PromQL: multiple queries with dependent values

marc koser

unread,

Oct 13, 2022, 7:03:24 AM10/13/22

to Prometheus Users

Is it possible to have one side of a query limit the results of another part of the same query?

For example; I want an alert query for when the count of all instances in a clustered service are not equal to what the instance is reporting based on a label's value being equal in both sides of the query (in this case; there are many nodes that run the same service but are part of different clusters:)

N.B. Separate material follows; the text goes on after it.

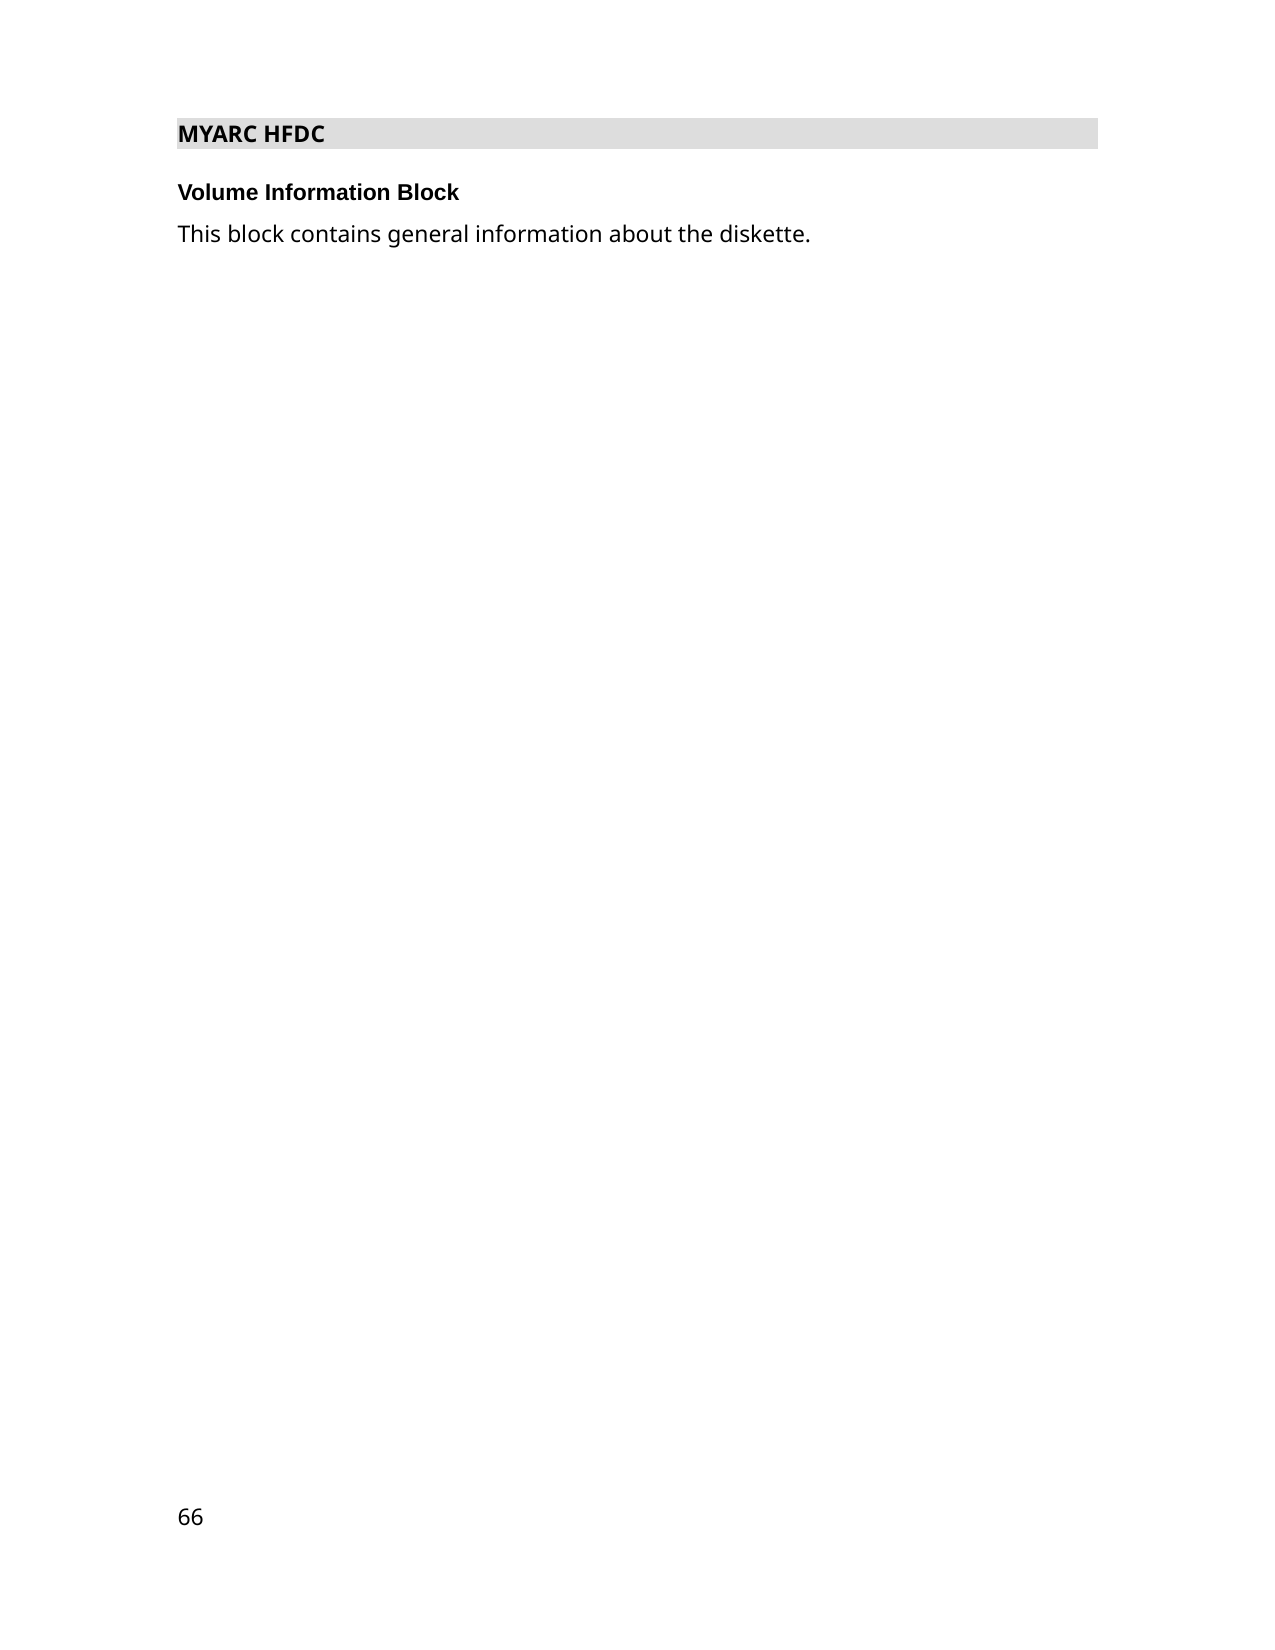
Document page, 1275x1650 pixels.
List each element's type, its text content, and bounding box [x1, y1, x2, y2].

subtitle Volume Information Block [177, 179, 1098, 205]
text This block contains general information about the diskette. [177, 218, 1098, 249]

redis_cluster_known_nodes != scalar(count(up{service=~"redis-exporter"}))

The shared label value would be something like, group="cluster-a" and should not evaluate metrics where group="cluster-b"

Thanks in advance!

Brian Candler

unread,

Oct 13, 2022, 9:13:42 AM10/13/22

to Prometheus Users

> Is it possible to have one side of a query limit the results of another part of the same query?

Yes, but it depends on exactly what you mean. The details are here:

https://prometheus.io/docs/prometheus/latest/querying/operators/

It depends on whether you can construct vectors for the LHS and RHS which have corresponding labels.

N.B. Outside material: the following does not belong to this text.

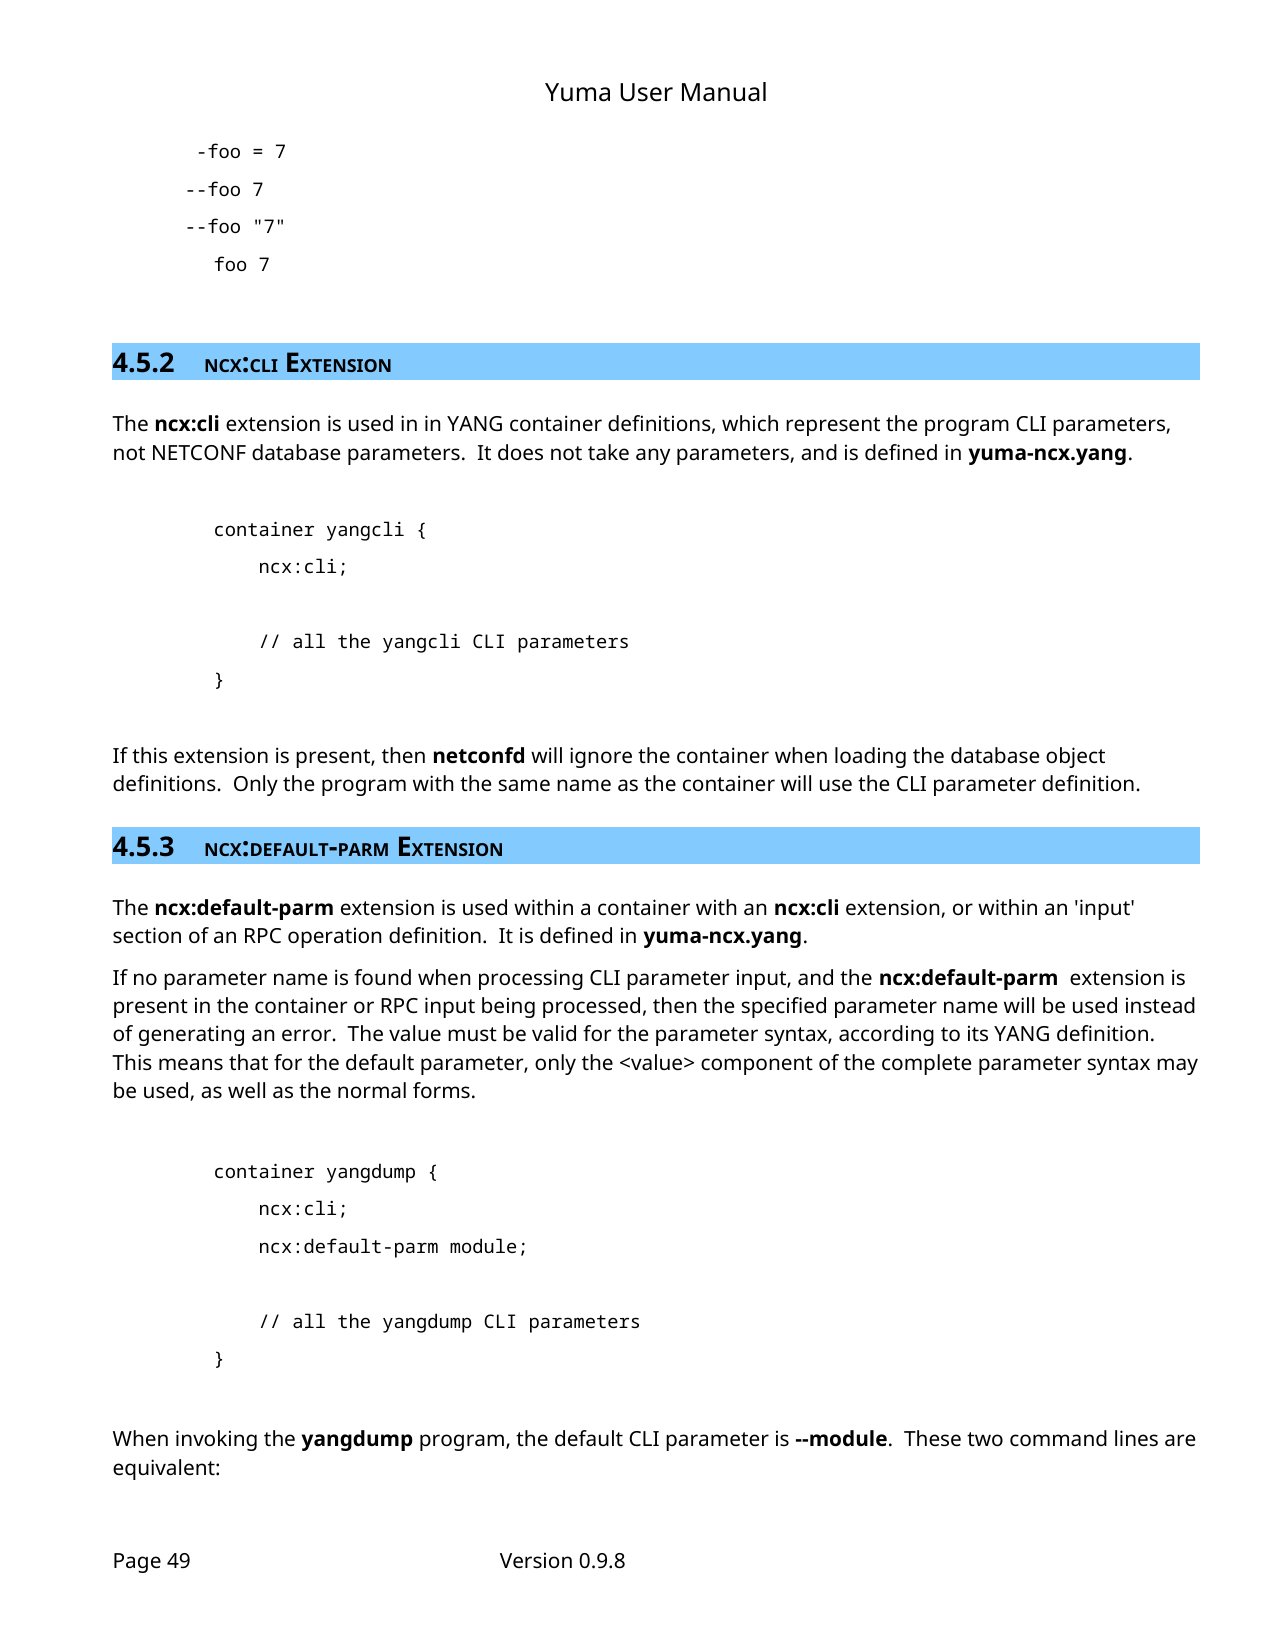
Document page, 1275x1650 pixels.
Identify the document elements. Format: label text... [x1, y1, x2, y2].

If you can give some specific examples of the metrics themselves - including all their labels - then we can see whether it's possible to do what you want in PromQL. Right now the requirements are unclear.

> redis_cluster_known_nodes != scalar(count(up{service=~"redis-exporter"}))

>

> The shared label value would be something like, group="cluster-a" and should not evaluate metrics where group="cluster-b"

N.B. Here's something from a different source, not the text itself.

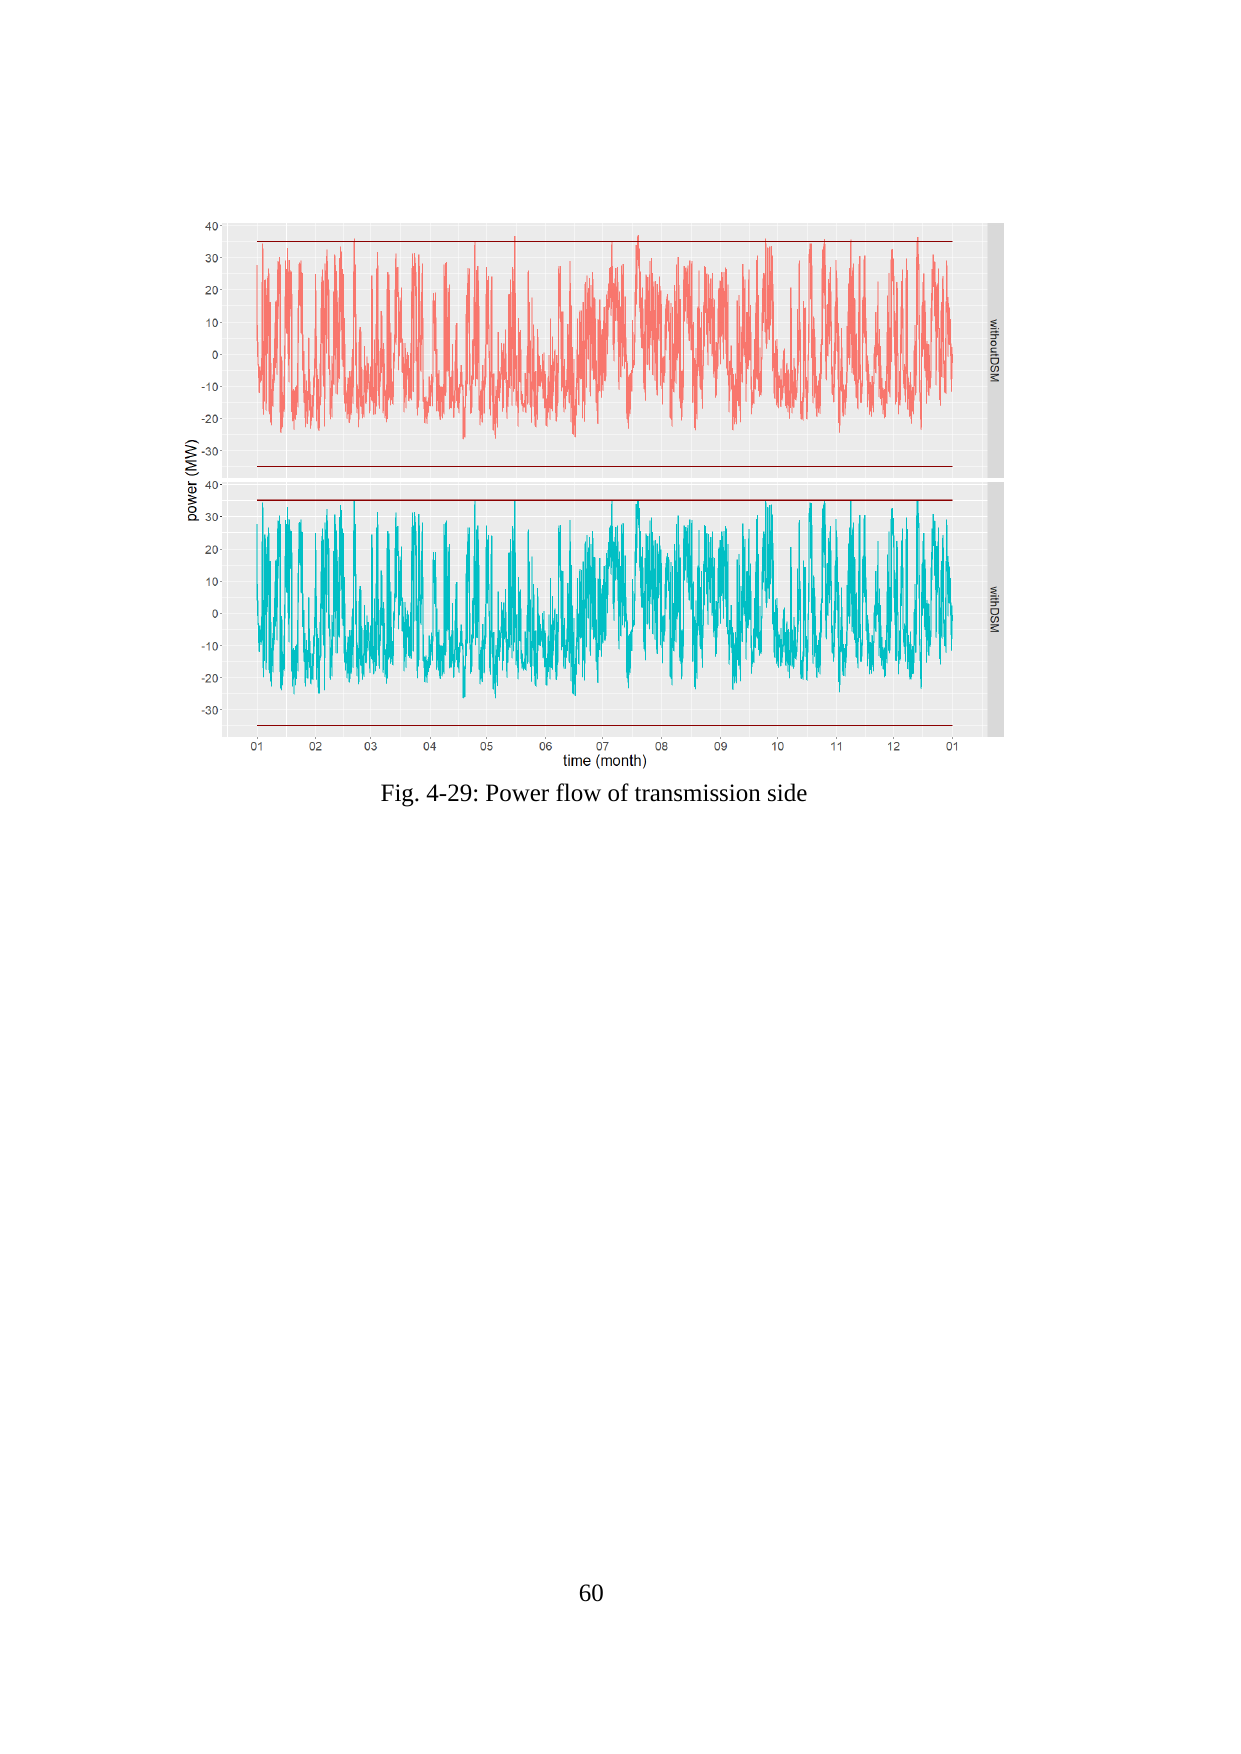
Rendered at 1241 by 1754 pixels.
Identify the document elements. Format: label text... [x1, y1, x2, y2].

You need to arrange both LHS and RHS to have some corresponding labels before you can combine them with any operator such as !=. The RHS has no "group" label at the moment, in fact it's not even a vector, but you could do:

count by (group) (up{service="redis-exporter"})

Then, assuming that redis_cluster_known_nodes also has a "group" label, you can do:

redis_cluster_known_nodes != on (group) count by (group) (up{service="redis-exporter"})

This will work as long as the LHS and RHS both have exactly *one* metric for a given value of the "group" label.

If the LHS has N values of "group" for 1 on the RHS, or vice versa, then you can use N:1 matching as described in the documentation ("group left" or "group right").

If there are multiple matches on both LHS and RHS for the same value of group, then the query will fail. You will have to include some more labels in the on(...) list to get a unique match.

Brian Candler

unread,

Oct 13, 2022, 9:17:55 AM10/13/22

to Prometheus Users

Sorry, second to last sentence was unclear. What I meant was:

If the LHS vector contains N metrics with a particular value of the "group" label, which correspond to exactly 1 metric on the RHS with the matching label value, or vice versa, then you can use N:1 matching.

marc koser

unread,

Oct 17, 2022, 4:12:49 PM10/17/22

to Prometheus Users

Thanks for the pointer Brian.

From what you suggested; I updated my query to include `service` rather than `job` to cover the different values (representing either redis service on each `instance`), however I'm still not getting the results I expect:

query:

redis_cluster_known_nodes != on (instance, service, group) count by (instance, service, group) (up{service=~"exporter-redis-.*"})

result:

{group="group-a", instance="node-1", service="exporter-redis-6379"} 10
{group="group-a", instance="node-1", service="exporter-redis-6380"} 10
{group="group-a", instance="node-2", service="exporter-redis-6379"} 11
{group="group-a", instance="node-2", service="exporter-redis-6380"} 16
{group="group-a", instance="node-3", service="exporter-redis-6379"} 16
{group="group-a", instance="node-3", service="exporter-redis-6380"} 16
{group="group-a", instance="node-4", service="exporter-redis-6379"} 16
{group="group-a", instance="node-4", service="exporter-redis-6380"} 16
{group="group-a", instance="node-5", service="exporter-redis-6379"} 16
{group="group-a", instance="node-5", service="exporter-redis-6380"} 16

I would expect only those who's count is != 10 be included in the result.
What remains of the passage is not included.